Exercise objective: Every line of the listing below is to be duplicated exactly, with the pictures left out.
··· Dataset excerpt
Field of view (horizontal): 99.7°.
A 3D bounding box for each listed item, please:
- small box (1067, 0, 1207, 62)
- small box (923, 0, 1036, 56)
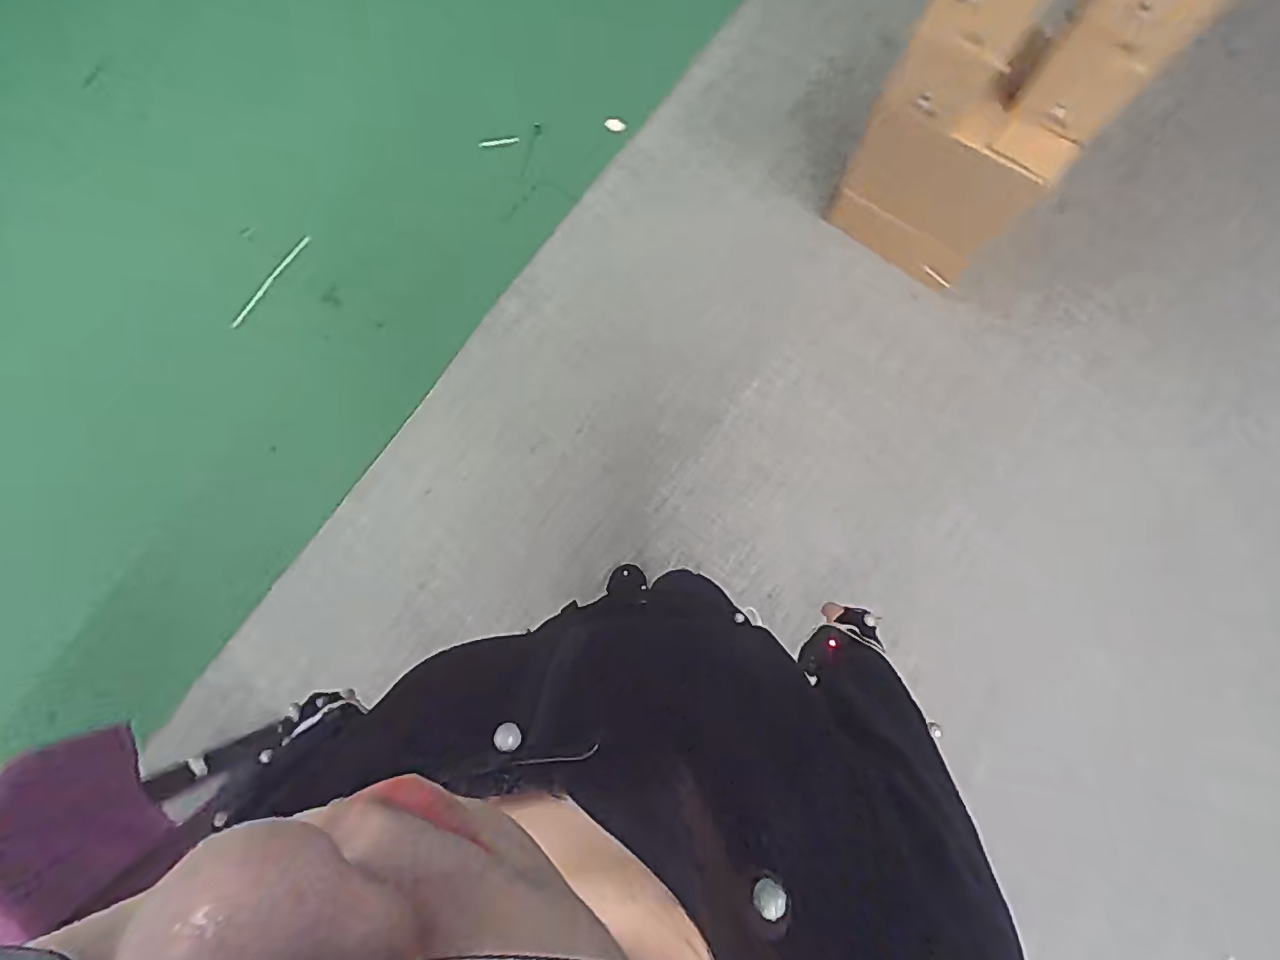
······
Solution for this task:
Field of view (horizontal): 99.7°.
A 3D bounding box for each listed item, please:
- small box (1067, 0, 1207, 62)
- small box (923, 0, 1036, 56)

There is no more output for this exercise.